Саяра видела, как, завернув в одеяло, катали вторую мачеху, затем заставляли прыгать через огонь, ползти между ног ослицы. Широко раскрыв глаза, Саяра наблюдала, как измученная роженица лежала на кирпичном полу, не шевелясь, и как женщины дергали ее за уши, щипали, лили холодную воду на голову и.живот. Саяра дрожала от ужаса, слыша, как Гаджи Гусейн с крыши стрелял из револьвера, дабы отпугнуть шайтана, не терпящего появления на свет нового правоверного. Ока слышала писк новорожденной, шевелившейся на полу, в луже крови, и слова женщин, утешавших роженицу:

— Не унывай, аллах еще пошлет тебе мальчика!

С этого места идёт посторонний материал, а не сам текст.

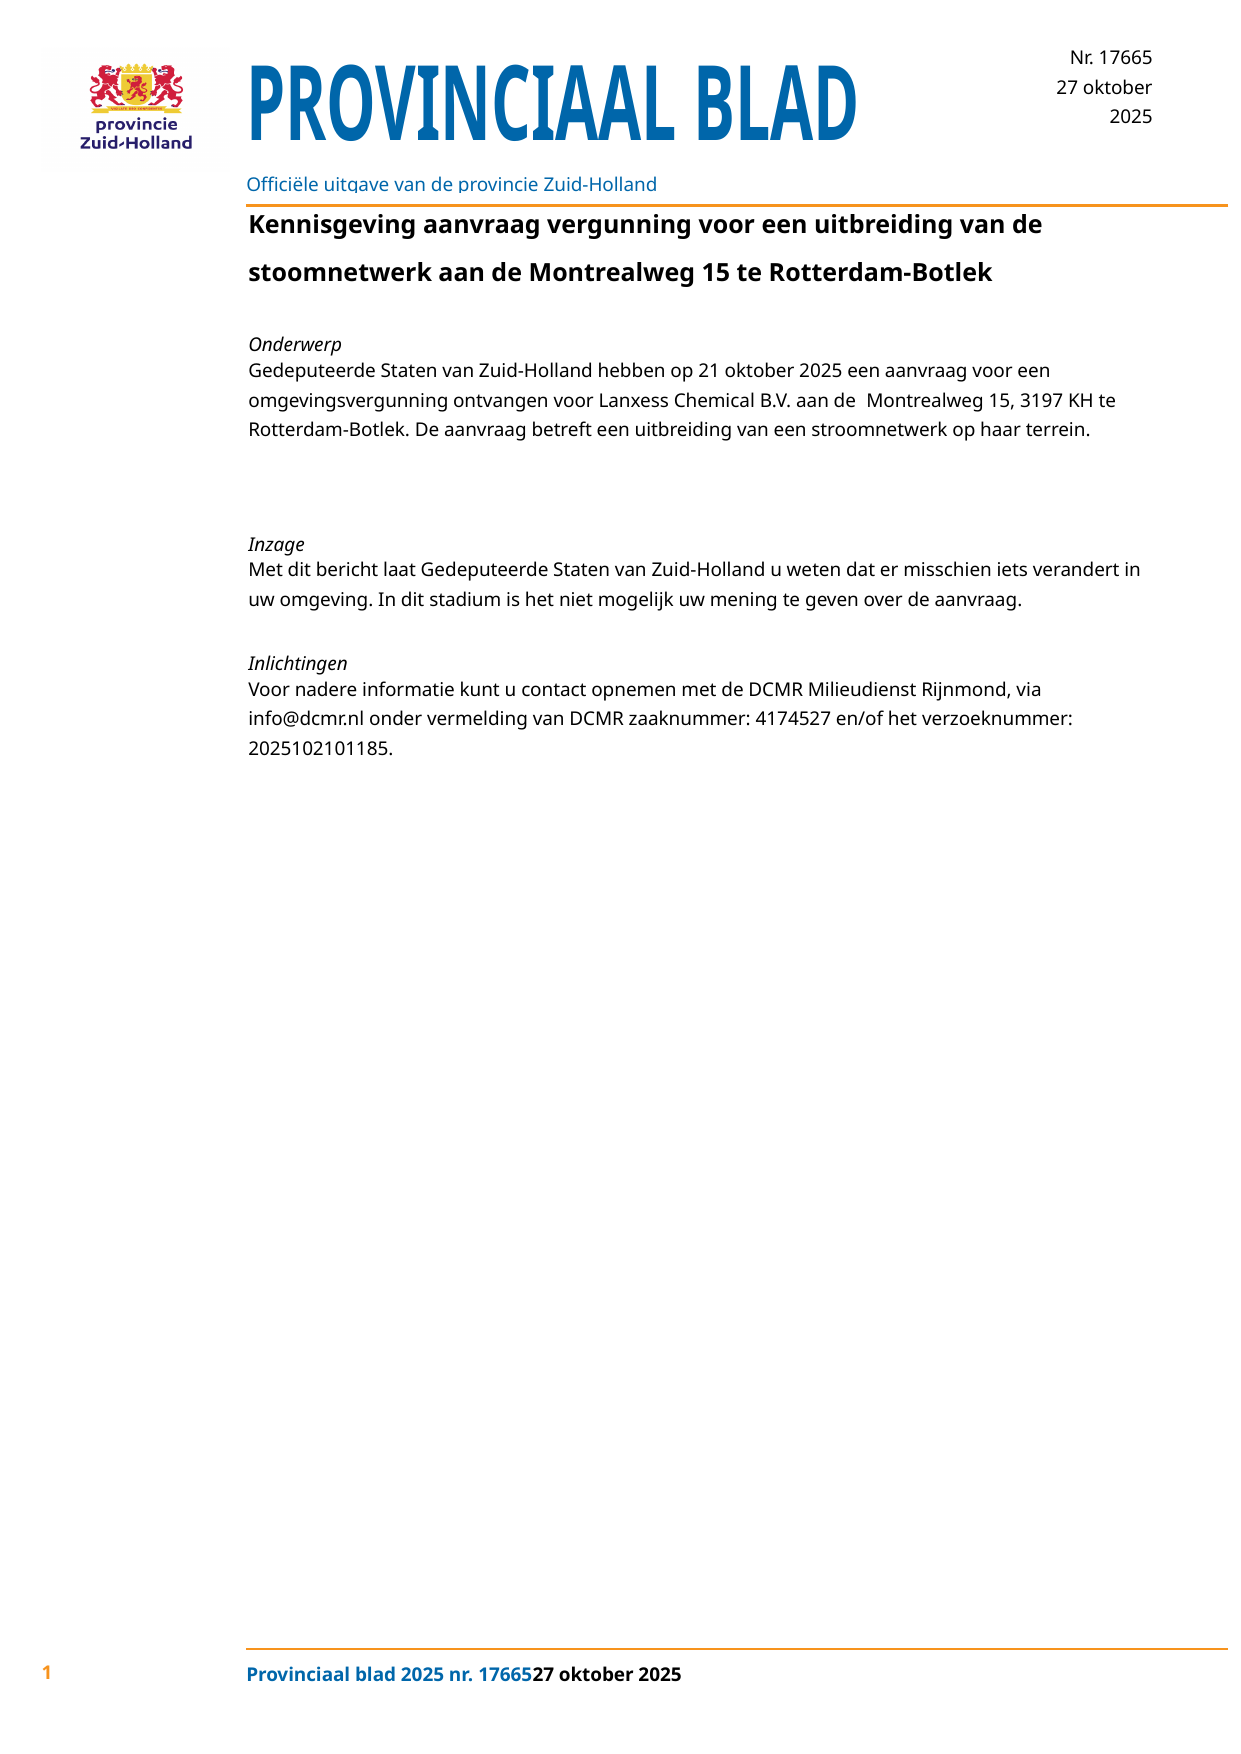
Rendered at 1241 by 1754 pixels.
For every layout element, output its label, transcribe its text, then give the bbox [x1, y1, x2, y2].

text Met dit bericht laat Gedeputeerde Staten van Zuid-Holland u weten dat er misschien iets verandert in uw omgeving. In dit stadium is het niet mogelijk uw mening te geven over de aanvraag. [248, 556, 1152, 612]
text Kennisgeving aanvraag vergunning voor een uitbreiding van de stoomnetwerk aan de Montrealweg 15 te Rotterdam-Botlek [248, 207, 1152, 288]
text Onderwerp [248, 331, 1152, 357]
text Inzage [248, 531, 1152, 556]
text Gedeputeerde Staten van Zuid-Holland hebben op 21 oktober 2025 een aanvraag voor een omgevingsvergunning ontvangen voor Lanxess Chemical B.V. aan de Montrealweg 15, 3197 KH te Rotterdam-Botlek. De aanvraag betreft een uitbreiding van een stroomnetwerk op haar terrein. [248, 357, 1152, 442]
text Inlichtingen [248, 650, 1152, 676]
text Voor nadere informatie kunt u contact opnemen met de DCMR Milieudienst Rijnmond, via info@dcmr.nl onder vermelding van DCMR zaaknummer: 4174527 en/of het verzoeknummer: 2025102101185. [248, 676, 1152, 761]
picture [41, 47, 231, 172]
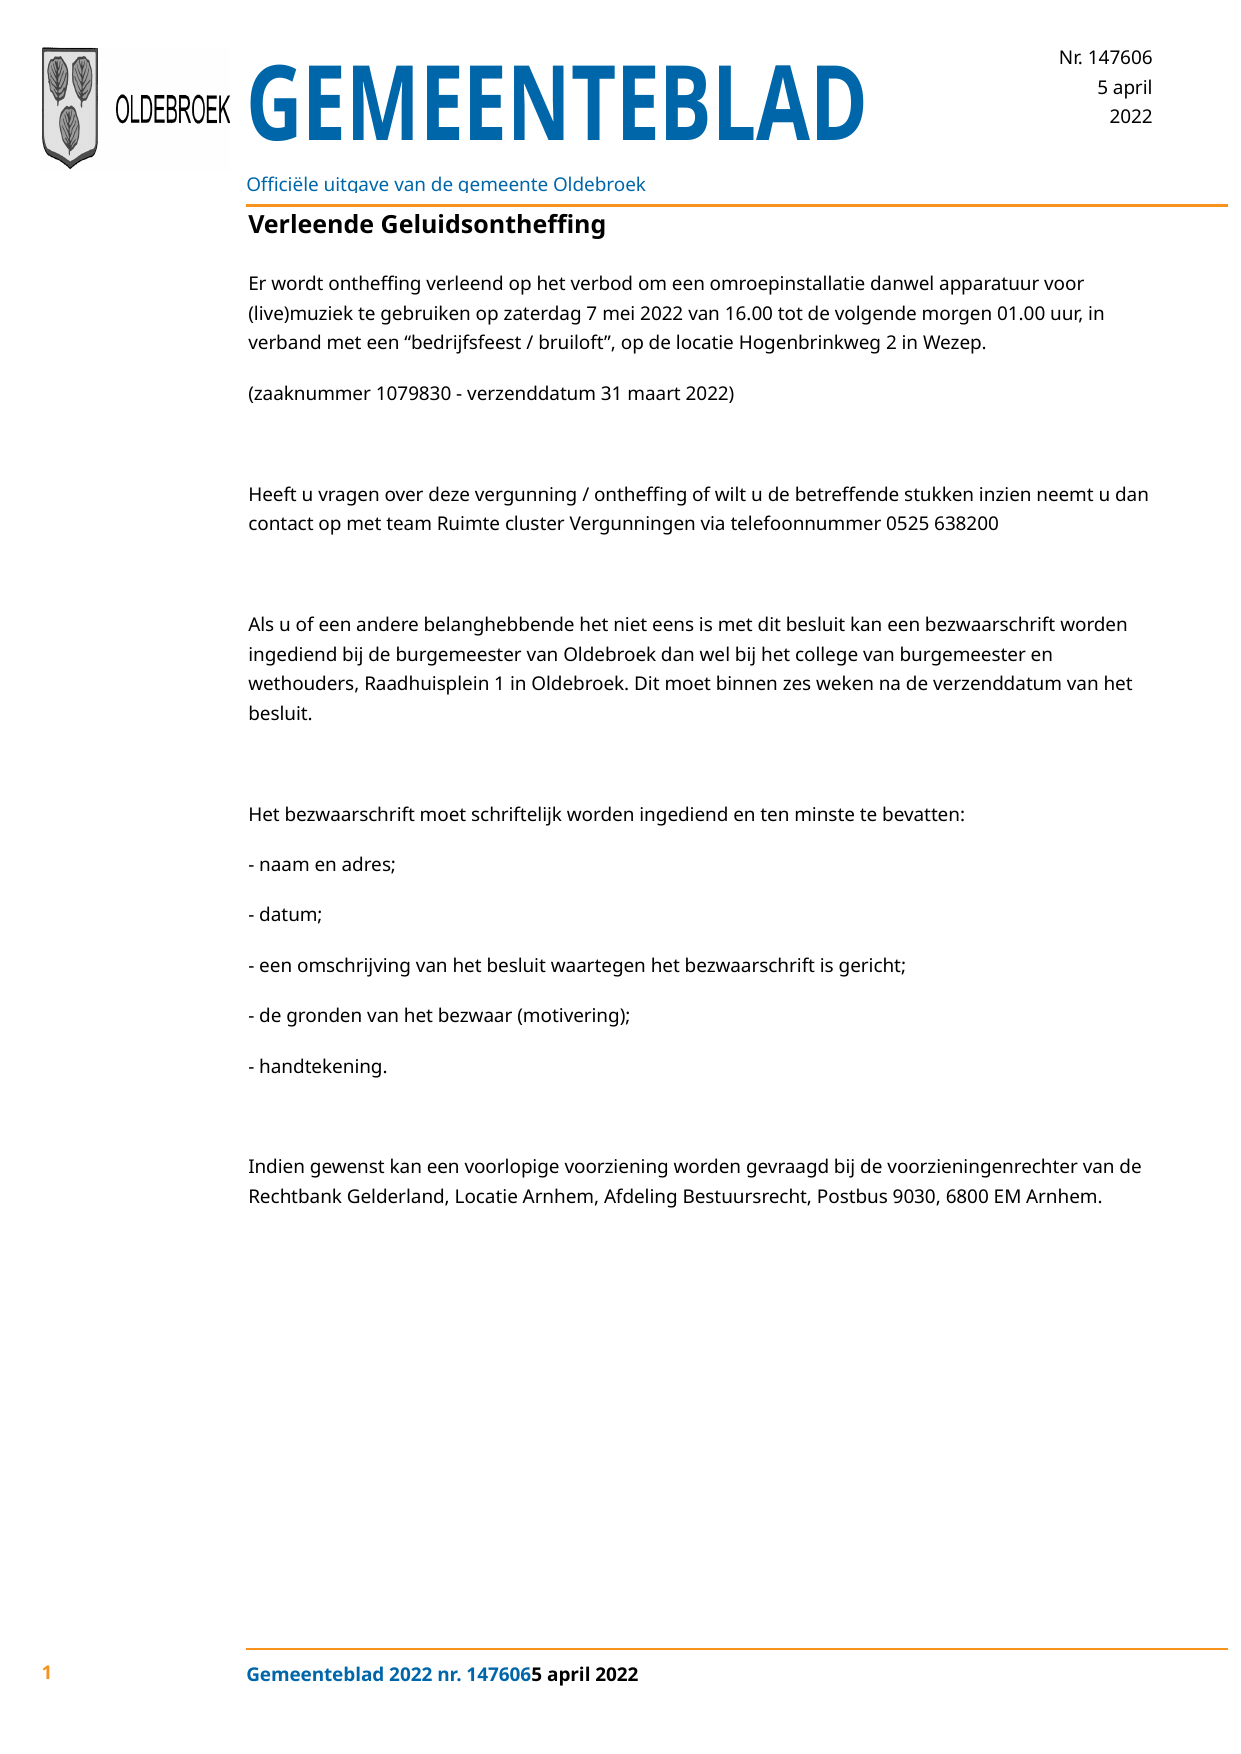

Аллах был, видимо, милостив, ибо мачеха родила двойню, и второй ребенок был мальчик. Когда он появился на свет, все женщины затараторили:

— Аллах послал превеликую радость, да будет благословенно имя его!

И сразу все принялись целовать и ласкать мальчика, заботливо запеленали его, повесили на колыбель амулеты против дурного глаза. А сестренка еще долго лежала на полу и жалобно пищала.

Саяру приставили няней к близнецам. Она с интересом приглядывалась к крохотным, сморщенным личикам, распознавала в лице девочки черты второй мачехи, а в мальчике — черты отца. Девочка была спокойна и лишь забавно вздрагивала во сне, точно желая отогнать от себя что-то дурное, а мальчик был неугомонно криклив и дрыгал ножками, отбрасывая одеяло. Это казалось няне тем более странным, что люлька у брата была несравненно красивее, чем у сестры: она была обвешана амулетами и полна игрушек, которыми сама няня не прочь была позабавиться.

Когда мальчик подрос, он стал бить Саяру кулачком по лицу, царапал ей щеки, тыкал в глаза пальцами. Саяра жаловалась Биби-Ханум.

— У сестры, бранящей брата, отсохнет язык, — отвечала Биби-Ханум и прогоняла от себя Саяру.

Особенно было обидно Саяре, когда Гаджи Гусейн нежно брал мальчика на руки и позволял теребить свои густые усы. Гаджи Гусейн никогда не брал на руки дочерей, ибо не подобает мужчине возиться с ними. Видя однажды, как ласкает Гаджи Гусейн мальчика, Саяра убежала в дальний угол сада и, обняв ствол айвы, горько заплакала:

— Я хочу быть мальчиком!

Однажды, работая в огороде, Саяра услышала пронзительный крик со стороны дома. Она обернулась и увидела свою старшую сестру Пикя, мечущуюся на терраске. Огонь и дым исходили от одежды Пикя. Саяра выронила мотыгу и, подбежав к дому, увидела, что женщины неизвестно зачем набрасывают на Пикя ковры и одеяла.

Став старше, Саяра поняла всё, что произошло с Пикя. Еще в колыбели Пикя была обручена с Ага Бабой. Он и в ту давнюю пору был не молод и к тому же дурен собой, но он предложил Гаджи Гусейну десять золотых десятирублевок, два больших ковра, и устройство свадебного торжества на всё селение. Гаджи Гусейн давно мечтал породниться с богачом Ага Бабой и стать у него в доме первым человеком, вызывать почтение у сельчан. И он согласился отдать в жены Ага Бабе сбою дочь Пикя, когда той исполнится тринадцать лет. Но Пикя, когда пришло время, не захотела идти за Ага Бабу. И так как Гаджи Гусейн неволил и угрожал Пикя, она поступила так, как нередко поступают в этих краях доведенные до отчаяния женщины: облилась керосином и подожгла себя.

Когда Саяра увидела горевшую Пикя, она так перепугалась, что руки у нее стали дрожать и она сразу лишилась голоса. Со временем, правда, голос восстановился, но заикание осталось у Саяры на всю жизнь. Особенно сильно она заикалась, когда волновалась.